Reputation: 25555
Either I don't understand the documentation or it is outdated.
If I run
user[["DOC_ACC_DT", "USER_SIGNON_ID"]].groupby("DOC_ACC_DT").agg(["count"]).resample("1D").fillna(value=0, method="ffill")
It get
TypeError: fillna() got an unexpected keyword argument 'value'
If I just run
.fillna(0)
I get
ValueError: Invalid fill method. Expecting pad (ffill), backfill (bfill) or nearest. Got 0
If I then set
.fillna(0, method="ffill")
I get
TypeError: fillna() got multiple values for keyword argument 'method'
so the only thing that works is
.fillna("ffill")
but of course that makes just a forward fill. However, I want to replace NaN
with zeros. What am I doing wrong here?
Upvotes: 17
Views: 23041
Reputation: 920
You can simply use sum()
for it.
Check out the docs at https://pandas.pydata.org/docs/reference/api/pandas.core.resample.Resampler.sum.html
Basically there's a min_count
parameter, by default it's 0. This means that after you resample, if count(nan) <= min_count
, then the value will be nan. However, since it's 0, by default, the value will be 0. So no need to replace or fillna.
In fact, if you wanted to fill with a value that's not 0, you could set .sum(min_count=1)
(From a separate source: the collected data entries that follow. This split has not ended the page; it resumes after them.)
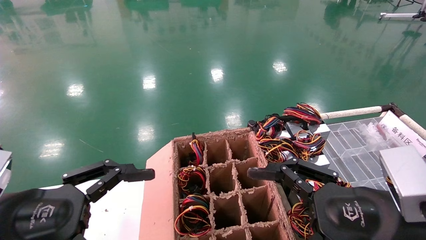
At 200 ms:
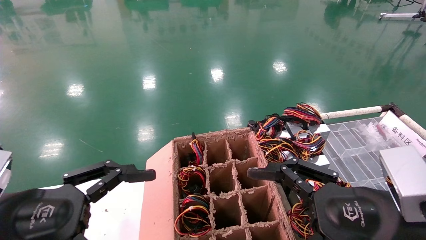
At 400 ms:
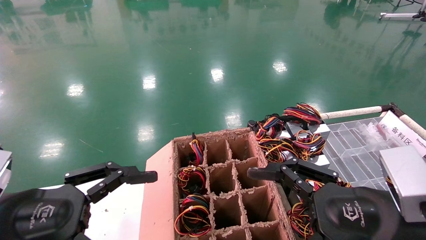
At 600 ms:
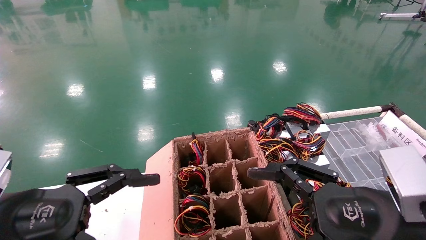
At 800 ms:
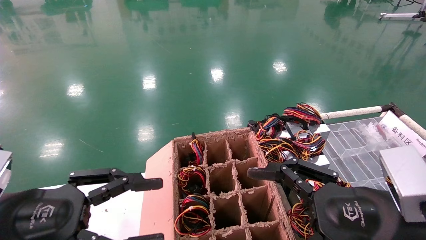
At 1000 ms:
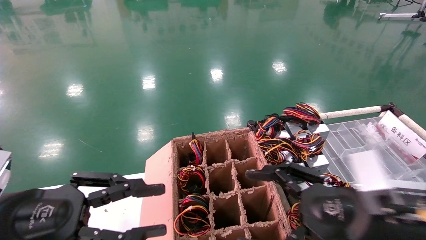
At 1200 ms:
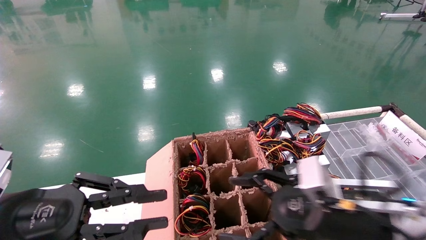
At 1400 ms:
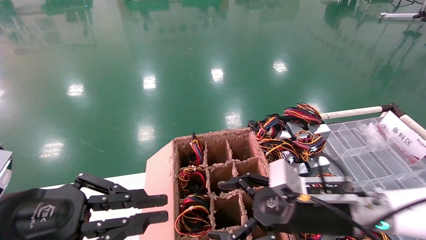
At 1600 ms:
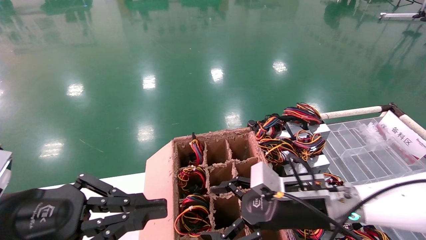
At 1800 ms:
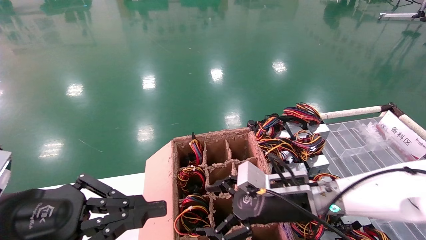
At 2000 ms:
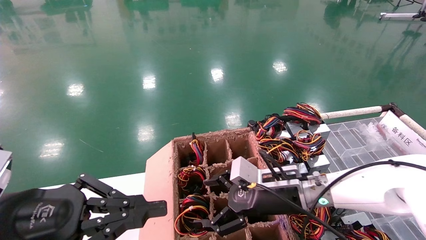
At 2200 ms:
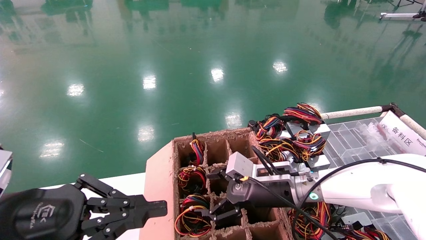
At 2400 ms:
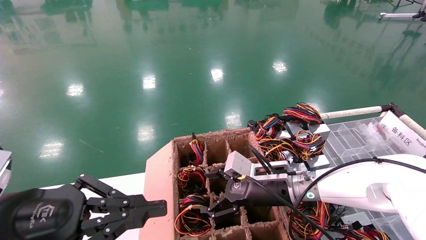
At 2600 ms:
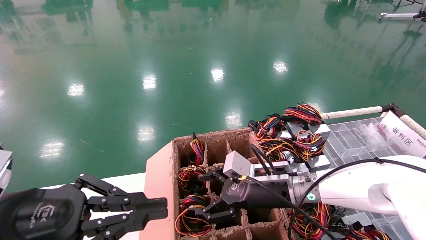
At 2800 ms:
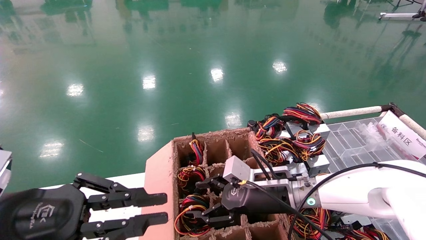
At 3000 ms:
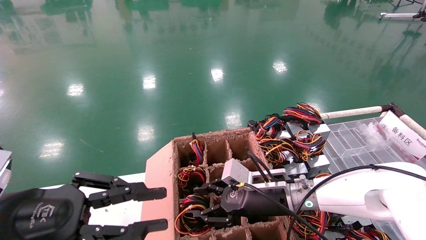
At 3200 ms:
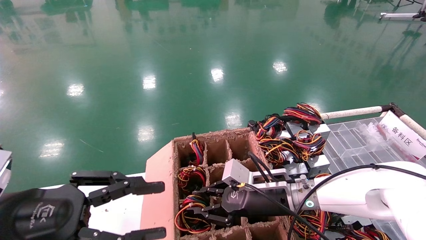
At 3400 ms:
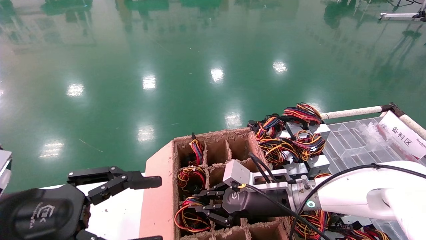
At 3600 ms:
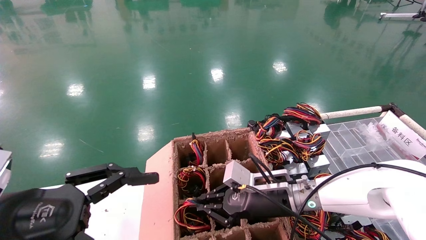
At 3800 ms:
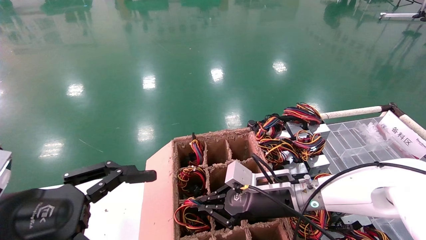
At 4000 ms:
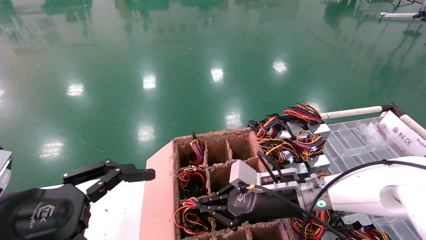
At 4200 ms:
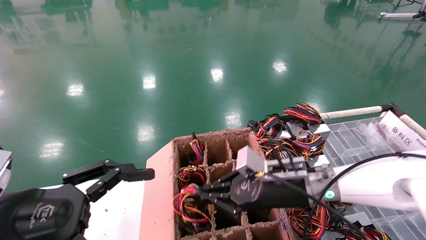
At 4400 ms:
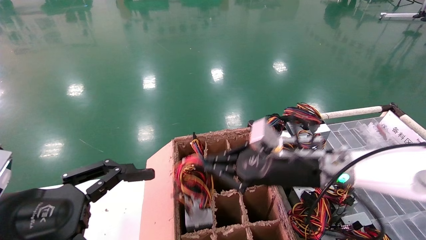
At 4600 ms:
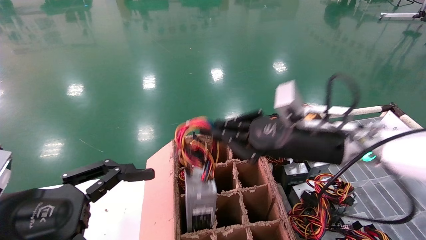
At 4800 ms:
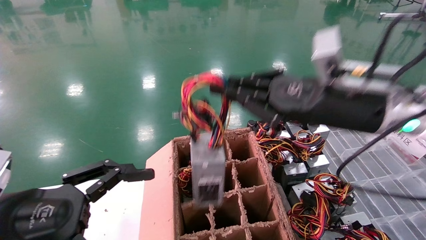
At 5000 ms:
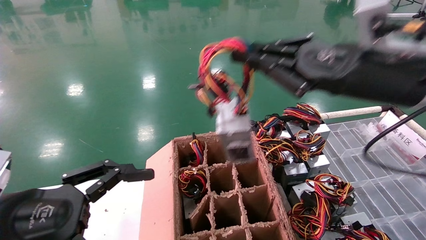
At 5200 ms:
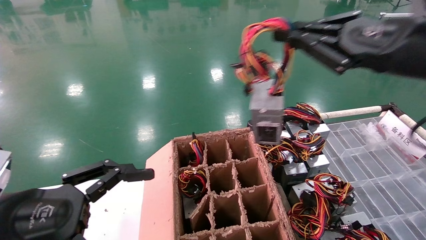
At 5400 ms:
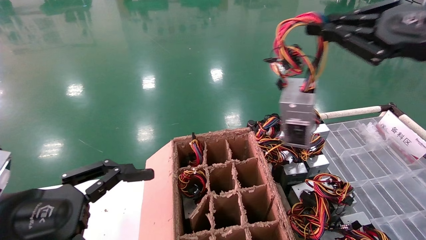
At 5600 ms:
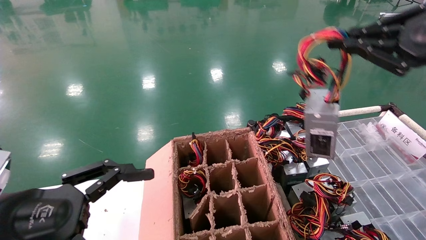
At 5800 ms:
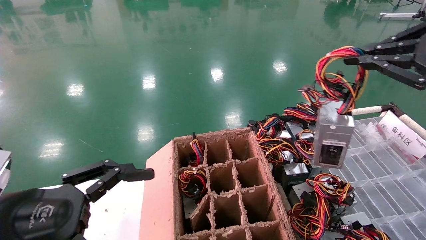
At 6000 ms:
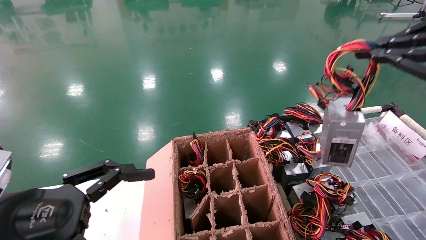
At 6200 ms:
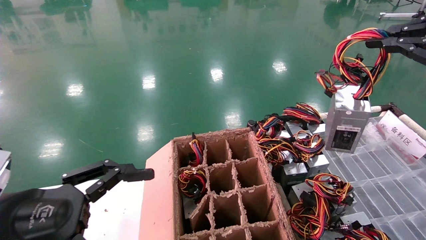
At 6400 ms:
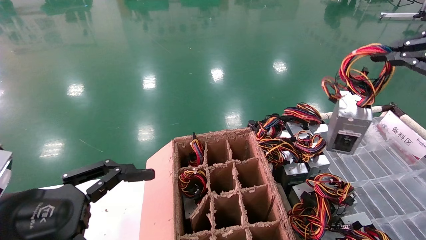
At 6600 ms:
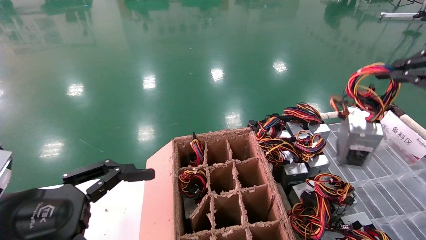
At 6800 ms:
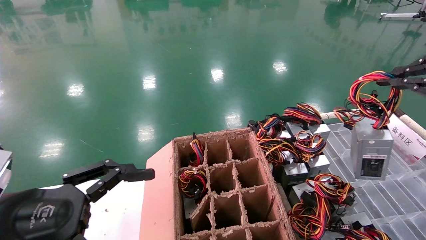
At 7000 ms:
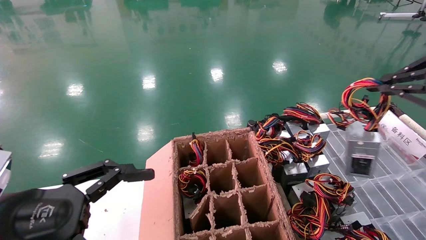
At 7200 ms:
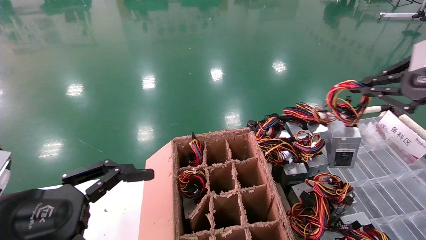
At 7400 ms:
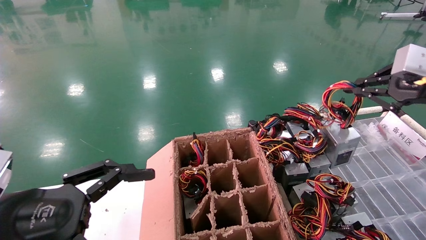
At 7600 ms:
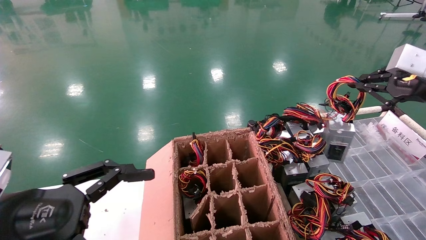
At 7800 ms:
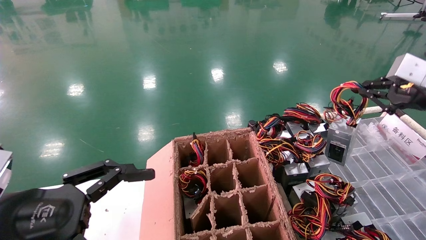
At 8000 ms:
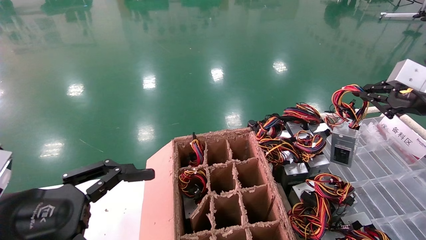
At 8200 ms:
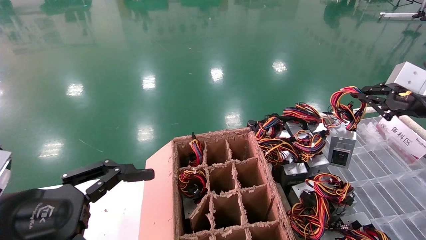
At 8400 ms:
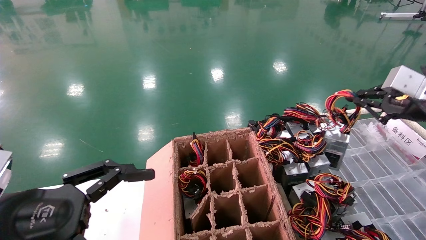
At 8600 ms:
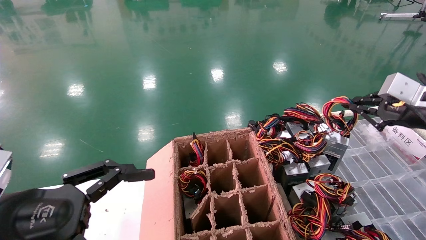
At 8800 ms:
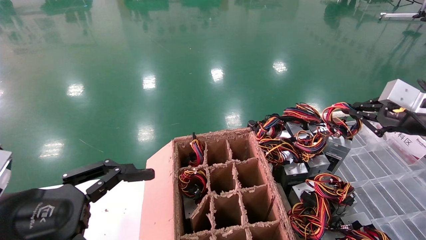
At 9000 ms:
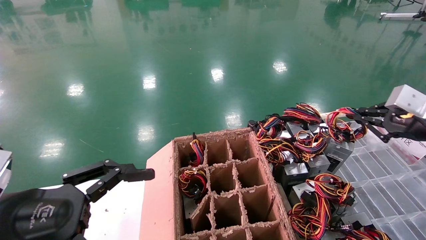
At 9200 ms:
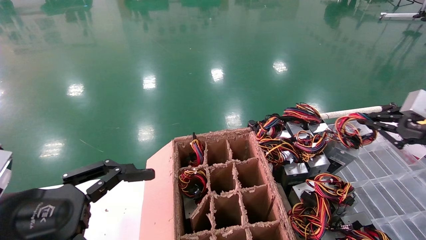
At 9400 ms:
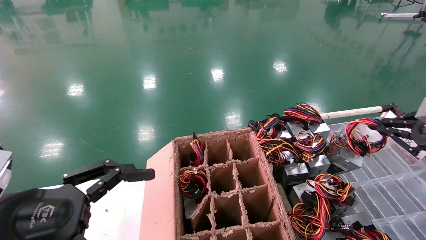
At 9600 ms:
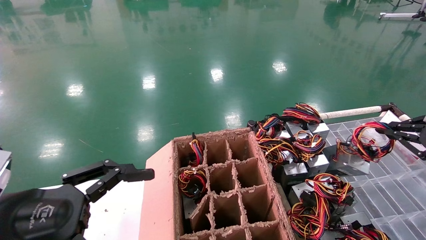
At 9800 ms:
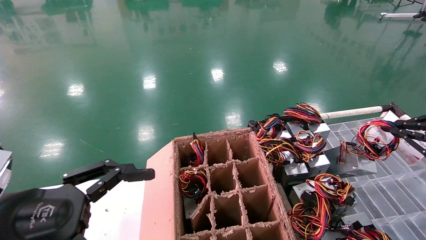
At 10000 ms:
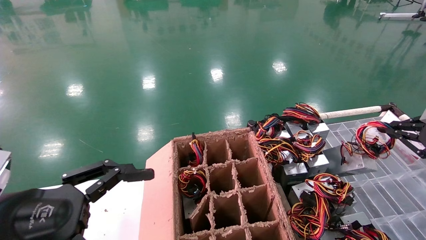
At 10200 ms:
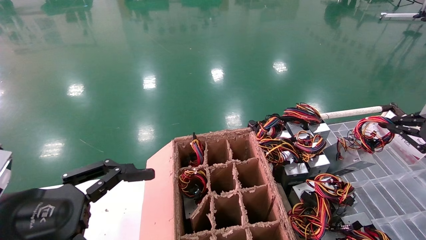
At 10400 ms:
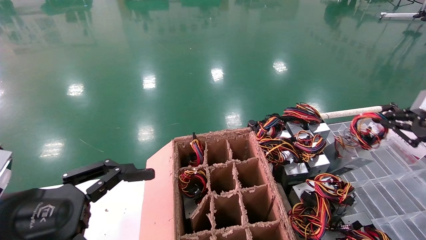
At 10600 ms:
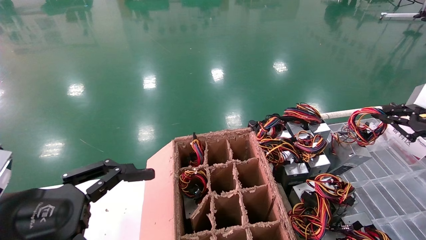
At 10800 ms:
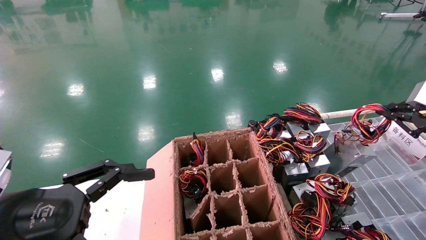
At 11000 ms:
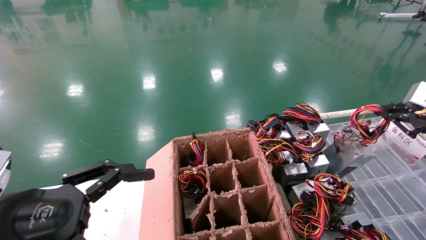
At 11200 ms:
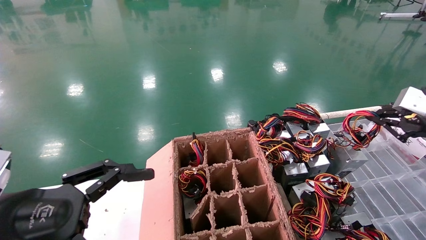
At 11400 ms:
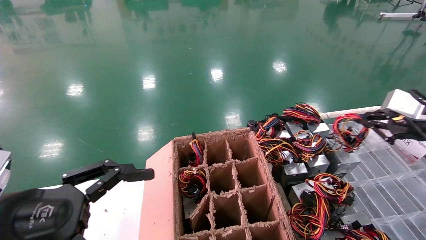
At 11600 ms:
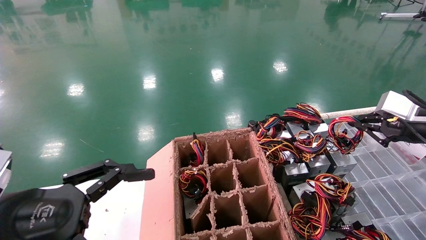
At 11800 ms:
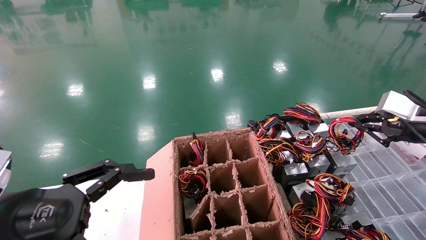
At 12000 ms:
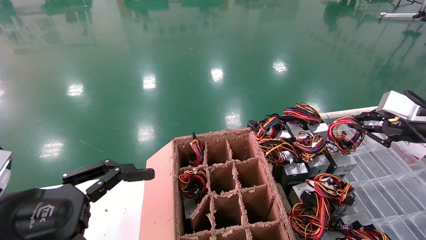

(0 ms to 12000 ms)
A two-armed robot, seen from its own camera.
Step, 1800 ms - 3800 ms: Grab and lift the power supply from the large box.
Step, 4000 ms - 12000 ms: Place the power supply on the operating table.
0 ms - 1600 ms: The right gripper is displaced forward, downward and to the left by about 15 cm; the left gripper closes up.
1600 ms - 3000 ms: The right gripper goes roughly 5 cm forward, and closes its fingers.
3000 ms - 4400 ms: The right gripper shifts about 10 cm upward, and closes up; the left gripper opens its fingers.
4400 ms - 6000 ms: The right gripper is displaced to the right, upward and backward by some 35 cm.
6000 ms - 7600 ms: The right gripper is displaced forward and downward by about 15 cm.
7600 ms - 9000 ms: The right gripper shifts some 10 cm downward.
9000 ms - 10400 ms: The grippers move only a little.
10400 ms - 12000 ms: The right gripper ends up some 5 cm from where it was.

then .replace(float('nan'), 'whatever you want')
Example below:
import pandas as pd
>>> df = pd.DataFrame({'date': pd.date_range('2021-01-01', '2021-01-07', freq='3D'),
'value': range(3)})
>>> df
date value
0 2021-01-01 0
1 2021-01-04 1
2 2021-01-07 2
>>> df.set_index('date').resample('D').sum().reset_index()
date value
0 2021-01-01 0
1 2021-01-02 0
2 2021-01-03 0
3 2021-01-04 1
4 2021-01-05 0
5 2021-01-06 0
6 2021-01-07 2
# if you wanna replace nan with some other values, could also use replace() if more than
# 1 column to replace
>>> df.set_index('date').resample('D').sum(min_count=1).fillna(-10).reset_index()
date value
0 2021-01-01 0.0
1 2021-01-02 -10.0
2 2021-01-03 -10.0
3 2021-01-04 1.0
4 2021-01-05 -10.0
5 2021-01-06 -10.0
6 2021-01-07 2.0
Upvotes: 3
Reputation: 2052
The issue here is that you try to call the fillna
method from DatetimeIndexResampler
object, which is returned by the resample
method. If you call an aggregation function before fillna it will work, for example: df.resample('1H').sum().fillna(0)
Upvotes: 2
Reputation: 863721
I do some test and it is very interesting.
Sample:
import pandas as pd
import numpy as np
np.random.seed(1)
rng = pd.date_range('1/1/2012', periods=20, freq='S')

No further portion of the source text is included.